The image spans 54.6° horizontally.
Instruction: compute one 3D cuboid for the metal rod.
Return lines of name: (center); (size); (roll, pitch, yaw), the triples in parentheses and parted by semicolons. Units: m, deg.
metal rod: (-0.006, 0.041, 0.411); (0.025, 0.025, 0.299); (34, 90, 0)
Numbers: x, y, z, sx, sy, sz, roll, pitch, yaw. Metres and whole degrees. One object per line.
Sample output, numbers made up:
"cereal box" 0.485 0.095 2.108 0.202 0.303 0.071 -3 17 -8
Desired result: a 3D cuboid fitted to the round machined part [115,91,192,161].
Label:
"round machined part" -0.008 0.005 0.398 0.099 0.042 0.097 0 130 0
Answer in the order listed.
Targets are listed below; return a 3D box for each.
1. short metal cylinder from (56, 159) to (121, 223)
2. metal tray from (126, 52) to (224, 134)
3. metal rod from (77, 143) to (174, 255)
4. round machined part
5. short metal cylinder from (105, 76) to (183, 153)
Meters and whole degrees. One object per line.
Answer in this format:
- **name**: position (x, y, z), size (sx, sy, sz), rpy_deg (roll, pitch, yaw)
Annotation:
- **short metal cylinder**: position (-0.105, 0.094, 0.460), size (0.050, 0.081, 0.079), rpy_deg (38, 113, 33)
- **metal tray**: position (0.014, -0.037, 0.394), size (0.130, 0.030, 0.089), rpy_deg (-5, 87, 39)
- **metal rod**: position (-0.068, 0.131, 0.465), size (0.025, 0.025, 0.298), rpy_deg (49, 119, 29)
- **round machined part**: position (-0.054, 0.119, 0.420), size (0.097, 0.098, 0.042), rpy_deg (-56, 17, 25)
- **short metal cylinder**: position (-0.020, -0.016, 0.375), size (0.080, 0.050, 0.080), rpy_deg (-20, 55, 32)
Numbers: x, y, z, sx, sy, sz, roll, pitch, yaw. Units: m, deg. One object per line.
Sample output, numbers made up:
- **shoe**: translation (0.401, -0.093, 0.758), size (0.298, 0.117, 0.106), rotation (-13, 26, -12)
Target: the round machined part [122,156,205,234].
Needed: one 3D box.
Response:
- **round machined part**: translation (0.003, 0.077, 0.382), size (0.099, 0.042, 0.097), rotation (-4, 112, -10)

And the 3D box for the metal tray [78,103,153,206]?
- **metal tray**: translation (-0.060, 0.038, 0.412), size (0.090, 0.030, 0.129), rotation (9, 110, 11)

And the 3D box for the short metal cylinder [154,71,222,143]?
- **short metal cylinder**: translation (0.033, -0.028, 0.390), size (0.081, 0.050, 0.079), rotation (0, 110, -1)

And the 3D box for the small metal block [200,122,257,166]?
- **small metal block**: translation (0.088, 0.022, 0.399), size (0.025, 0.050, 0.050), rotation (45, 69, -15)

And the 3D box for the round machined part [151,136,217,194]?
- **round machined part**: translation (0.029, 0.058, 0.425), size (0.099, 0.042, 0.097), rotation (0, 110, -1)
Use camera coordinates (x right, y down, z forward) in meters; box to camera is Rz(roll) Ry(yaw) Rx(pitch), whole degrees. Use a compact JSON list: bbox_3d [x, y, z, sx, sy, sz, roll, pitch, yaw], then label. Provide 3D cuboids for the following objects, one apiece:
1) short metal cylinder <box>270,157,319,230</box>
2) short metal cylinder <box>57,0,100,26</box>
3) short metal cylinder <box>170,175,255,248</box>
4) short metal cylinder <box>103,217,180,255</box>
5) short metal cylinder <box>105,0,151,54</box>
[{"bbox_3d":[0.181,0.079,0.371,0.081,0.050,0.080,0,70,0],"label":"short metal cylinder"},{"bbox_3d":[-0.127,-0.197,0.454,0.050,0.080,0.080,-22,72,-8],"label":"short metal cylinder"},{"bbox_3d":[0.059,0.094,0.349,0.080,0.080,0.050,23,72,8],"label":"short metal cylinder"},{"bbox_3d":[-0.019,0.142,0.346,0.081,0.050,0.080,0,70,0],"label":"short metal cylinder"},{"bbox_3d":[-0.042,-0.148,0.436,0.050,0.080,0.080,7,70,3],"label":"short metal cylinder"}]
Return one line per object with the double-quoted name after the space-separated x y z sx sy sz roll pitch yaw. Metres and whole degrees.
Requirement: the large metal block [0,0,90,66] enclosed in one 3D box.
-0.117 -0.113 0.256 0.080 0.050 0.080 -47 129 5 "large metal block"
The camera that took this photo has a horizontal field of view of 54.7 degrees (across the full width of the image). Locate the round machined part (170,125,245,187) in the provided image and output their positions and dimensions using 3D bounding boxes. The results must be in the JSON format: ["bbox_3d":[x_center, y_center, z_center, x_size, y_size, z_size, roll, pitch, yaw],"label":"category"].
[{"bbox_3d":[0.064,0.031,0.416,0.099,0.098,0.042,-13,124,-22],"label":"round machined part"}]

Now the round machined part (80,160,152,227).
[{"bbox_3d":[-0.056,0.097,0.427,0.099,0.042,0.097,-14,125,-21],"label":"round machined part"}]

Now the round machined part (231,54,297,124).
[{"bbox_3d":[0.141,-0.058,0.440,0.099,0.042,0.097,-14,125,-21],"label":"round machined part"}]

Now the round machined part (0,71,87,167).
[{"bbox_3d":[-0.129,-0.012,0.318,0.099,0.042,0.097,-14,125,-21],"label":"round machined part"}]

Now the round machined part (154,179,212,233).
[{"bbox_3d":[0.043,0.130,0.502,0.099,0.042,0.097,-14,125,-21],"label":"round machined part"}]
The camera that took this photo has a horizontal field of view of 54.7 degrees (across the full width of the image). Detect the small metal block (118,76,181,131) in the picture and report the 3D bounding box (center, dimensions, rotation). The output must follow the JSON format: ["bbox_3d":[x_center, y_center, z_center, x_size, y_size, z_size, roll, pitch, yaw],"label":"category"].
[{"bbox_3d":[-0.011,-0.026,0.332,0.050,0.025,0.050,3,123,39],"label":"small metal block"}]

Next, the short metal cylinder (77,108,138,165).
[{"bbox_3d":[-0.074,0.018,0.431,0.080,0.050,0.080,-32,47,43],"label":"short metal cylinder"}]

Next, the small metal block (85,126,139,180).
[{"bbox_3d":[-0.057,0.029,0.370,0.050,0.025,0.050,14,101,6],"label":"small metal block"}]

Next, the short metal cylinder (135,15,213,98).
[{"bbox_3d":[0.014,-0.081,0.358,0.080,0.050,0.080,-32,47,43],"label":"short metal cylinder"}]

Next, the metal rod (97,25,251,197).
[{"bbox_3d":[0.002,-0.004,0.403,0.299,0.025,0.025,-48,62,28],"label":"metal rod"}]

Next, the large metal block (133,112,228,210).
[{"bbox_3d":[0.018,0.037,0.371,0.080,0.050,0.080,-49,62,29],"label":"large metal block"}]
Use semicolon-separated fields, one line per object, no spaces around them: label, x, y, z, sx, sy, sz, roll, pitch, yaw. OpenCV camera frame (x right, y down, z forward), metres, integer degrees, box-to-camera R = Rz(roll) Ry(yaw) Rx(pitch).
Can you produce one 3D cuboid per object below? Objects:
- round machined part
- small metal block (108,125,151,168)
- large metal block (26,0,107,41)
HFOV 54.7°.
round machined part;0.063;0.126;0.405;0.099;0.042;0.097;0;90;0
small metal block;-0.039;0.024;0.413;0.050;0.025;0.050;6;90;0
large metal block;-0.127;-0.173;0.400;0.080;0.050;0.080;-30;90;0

--

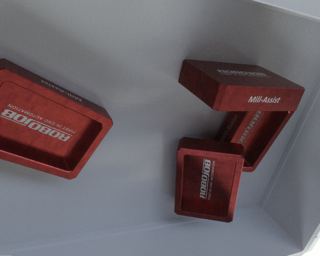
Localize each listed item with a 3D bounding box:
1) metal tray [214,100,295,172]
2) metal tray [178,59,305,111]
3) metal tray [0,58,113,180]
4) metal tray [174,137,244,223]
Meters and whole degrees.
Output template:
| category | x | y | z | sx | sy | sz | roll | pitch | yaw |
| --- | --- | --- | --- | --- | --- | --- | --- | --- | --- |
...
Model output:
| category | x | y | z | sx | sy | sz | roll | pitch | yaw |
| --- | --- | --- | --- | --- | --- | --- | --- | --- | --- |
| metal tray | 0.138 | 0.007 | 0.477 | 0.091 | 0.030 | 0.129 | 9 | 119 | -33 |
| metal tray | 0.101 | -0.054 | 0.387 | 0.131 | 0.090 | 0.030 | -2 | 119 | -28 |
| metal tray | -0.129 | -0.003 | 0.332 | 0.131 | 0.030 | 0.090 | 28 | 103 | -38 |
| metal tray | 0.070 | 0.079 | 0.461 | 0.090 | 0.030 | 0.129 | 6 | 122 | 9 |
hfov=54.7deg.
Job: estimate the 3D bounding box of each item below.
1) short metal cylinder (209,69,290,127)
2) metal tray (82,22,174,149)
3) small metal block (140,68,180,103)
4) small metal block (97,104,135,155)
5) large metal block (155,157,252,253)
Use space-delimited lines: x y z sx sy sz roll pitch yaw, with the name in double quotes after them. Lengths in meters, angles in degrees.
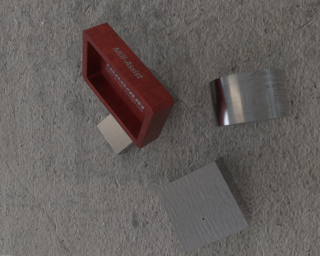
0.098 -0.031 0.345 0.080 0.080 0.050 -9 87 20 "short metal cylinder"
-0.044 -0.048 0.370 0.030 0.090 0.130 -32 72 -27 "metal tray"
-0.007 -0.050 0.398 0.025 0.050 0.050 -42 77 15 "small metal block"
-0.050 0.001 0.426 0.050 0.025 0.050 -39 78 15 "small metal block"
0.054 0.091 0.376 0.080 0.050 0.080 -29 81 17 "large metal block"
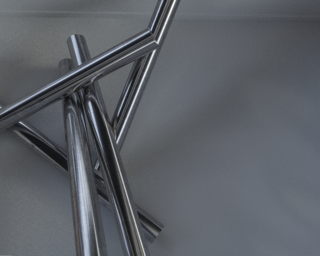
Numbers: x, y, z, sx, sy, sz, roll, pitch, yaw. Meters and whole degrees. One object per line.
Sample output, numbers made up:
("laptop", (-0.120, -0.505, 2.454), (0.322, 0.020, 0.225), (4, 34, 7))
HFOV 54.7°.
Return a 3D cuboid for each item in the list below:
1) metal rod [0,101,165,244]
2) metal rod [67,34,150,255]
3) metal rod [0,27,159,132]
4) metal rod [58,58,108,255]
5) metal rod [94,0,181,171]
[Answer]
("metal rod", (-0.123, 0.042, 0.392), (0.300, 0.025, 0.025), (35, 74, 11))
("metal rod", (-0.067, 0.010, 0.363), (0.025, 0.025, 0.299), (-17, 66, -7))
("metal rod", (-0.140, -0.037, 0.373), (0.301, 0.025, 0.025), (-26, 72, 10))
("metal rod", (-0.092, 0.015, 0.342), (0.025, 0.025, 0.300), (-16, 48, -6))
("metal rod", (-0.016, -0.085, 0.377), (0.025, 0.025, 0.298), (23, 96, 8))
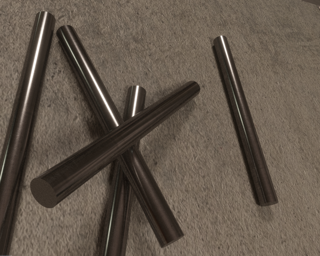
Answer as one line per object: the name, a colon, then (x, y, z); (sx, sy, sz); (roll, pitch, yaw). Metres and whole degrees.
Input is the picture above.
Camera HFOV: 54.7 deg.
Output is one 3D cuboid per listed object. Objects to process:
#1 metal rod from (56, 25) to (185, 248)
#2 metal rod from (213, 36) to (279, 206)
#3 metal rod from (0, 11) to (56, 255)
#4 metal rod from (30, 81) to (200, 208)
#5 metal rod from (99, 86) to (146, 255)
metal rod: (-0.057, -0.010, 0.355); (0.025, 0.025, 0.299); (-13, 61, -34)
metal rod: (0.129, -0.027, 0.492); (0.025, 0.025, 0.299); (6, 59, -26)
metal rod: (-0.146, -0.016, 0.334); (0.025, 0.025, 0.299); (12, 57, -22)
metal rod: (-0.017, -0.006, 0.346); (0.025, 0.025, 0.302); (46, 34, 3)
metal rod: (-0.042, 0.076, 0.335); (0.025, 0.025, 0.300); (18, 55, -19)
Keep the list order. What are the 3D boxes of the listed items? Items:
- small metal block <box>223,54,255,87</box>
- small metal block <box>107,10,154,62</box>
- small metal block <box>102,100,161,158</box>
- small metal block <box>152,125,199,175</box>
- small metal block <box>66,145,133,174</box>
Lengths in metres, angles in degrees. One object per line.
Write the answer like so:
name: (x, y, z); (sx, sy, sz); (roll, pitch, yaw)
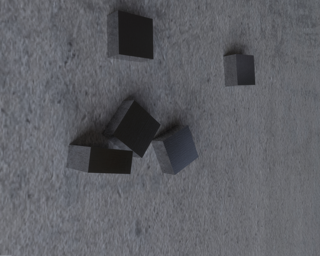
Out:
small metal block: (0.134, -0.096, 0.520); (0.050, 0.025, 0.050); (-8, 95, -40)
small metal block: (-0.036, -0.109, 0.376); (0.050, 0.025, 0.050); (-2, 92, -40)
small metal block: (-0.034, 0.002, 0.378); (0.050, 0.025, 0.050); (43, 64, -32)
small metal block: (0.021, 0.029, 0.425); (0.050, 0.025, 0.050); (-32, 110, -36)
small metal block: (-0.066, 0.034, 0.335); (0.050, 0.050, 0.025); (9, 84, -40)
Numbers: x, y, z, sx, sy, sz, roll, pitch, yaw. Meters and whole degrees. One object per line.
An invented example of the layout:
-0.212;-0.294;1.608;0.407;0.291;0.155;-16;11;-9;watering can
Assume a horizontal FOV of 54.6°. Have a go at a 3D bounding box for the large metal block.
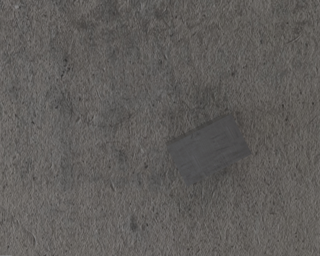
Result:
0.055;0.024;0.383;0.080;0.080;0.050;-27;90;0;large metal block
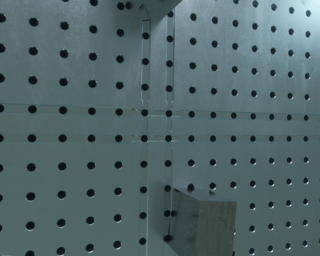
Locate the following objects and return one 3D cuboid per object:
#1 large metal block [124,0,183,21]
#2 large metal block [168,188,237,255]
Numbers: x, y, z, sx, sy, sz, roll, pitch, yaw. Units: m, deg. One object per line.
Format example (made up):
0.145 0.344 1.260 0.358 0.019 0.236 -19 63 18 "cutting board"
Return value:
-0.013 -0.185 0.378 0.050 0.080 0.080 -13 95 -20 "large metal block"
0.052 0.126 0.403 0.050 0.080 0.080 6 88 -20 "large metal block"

---

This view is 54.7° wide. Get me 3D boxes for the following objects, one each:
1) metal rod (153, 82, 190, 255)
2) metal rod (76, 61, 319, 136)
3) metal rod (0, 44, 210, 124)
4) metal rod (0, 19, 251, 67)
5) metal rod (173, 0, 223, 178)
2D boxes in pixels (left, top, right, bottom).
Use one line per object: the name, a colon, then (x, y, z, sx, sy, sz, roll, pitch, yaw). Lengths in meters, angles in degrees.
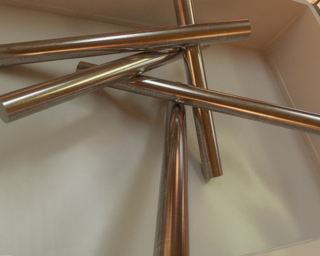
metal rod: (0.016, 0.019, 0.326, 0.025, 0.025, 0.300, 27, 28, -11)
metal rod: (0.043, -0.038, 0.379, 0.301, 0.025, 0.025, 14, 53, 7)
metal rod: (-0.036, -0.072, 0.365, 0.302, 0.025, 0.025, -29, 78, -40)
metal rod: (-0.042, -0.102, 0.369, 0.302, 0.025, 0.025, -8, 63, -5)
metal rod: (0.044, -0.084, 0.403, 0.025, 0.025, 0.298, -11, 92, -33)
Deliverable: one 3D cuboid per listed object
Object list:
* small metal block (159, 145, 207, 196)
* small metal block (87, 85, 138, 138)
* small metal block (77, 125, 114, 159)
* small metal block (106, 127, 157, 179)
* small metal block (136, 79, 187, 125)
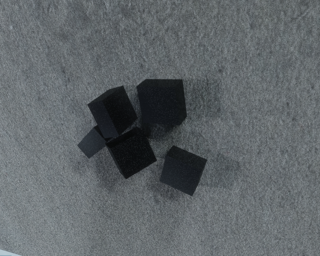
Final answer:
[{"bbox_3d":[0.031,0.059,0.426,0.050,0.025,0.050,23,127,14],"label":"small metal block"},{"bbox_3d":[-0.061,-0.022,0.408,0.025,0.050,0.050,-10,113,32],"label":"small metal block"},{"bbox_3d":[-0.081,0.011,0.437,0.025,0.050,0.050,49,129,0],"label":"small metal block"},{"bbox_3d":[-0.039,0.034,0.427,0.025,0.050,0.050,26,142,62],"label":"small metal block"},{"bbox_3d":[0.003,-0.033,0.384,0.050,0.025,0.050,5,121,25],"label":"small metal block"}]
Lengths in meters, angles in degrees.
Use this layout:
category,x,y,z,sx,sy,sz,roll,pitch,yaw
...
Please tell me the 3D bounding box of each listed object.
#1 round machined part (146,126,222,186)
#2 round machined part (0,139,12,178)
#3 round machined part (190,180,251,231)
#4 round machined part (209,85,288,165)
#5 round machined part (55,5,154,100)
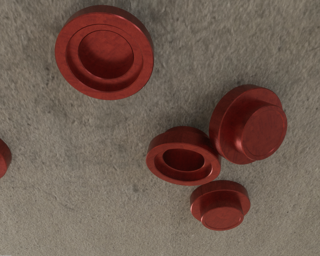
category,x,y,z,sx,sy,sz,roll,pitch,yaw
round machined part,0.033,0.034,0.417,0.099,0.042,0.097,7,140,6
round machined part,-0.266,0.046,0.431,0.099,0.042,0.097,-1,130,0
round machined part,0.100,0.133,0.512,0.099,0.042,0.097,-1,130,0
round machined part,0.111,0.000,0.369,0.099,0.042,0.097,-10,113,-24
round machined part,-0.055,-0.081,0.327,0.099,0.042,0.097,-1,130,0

- [WHAT TO WORK ON] In the records above, find each line with the string "listed" and list it.

- [RESULT FOR THIS TASK]
Answer in the order listed.
Targets are listed below; return a 3D box for each.
Localize each listed item with a 3D bounding box:
Output is one 3D cuboid per listed object. Objects to process:
Keep the list order. What are the 3D boxes of the listed items? Items:
Deliverable: one 3D cuboid per listed object
Please tell me the 3D bounding box of each listed object.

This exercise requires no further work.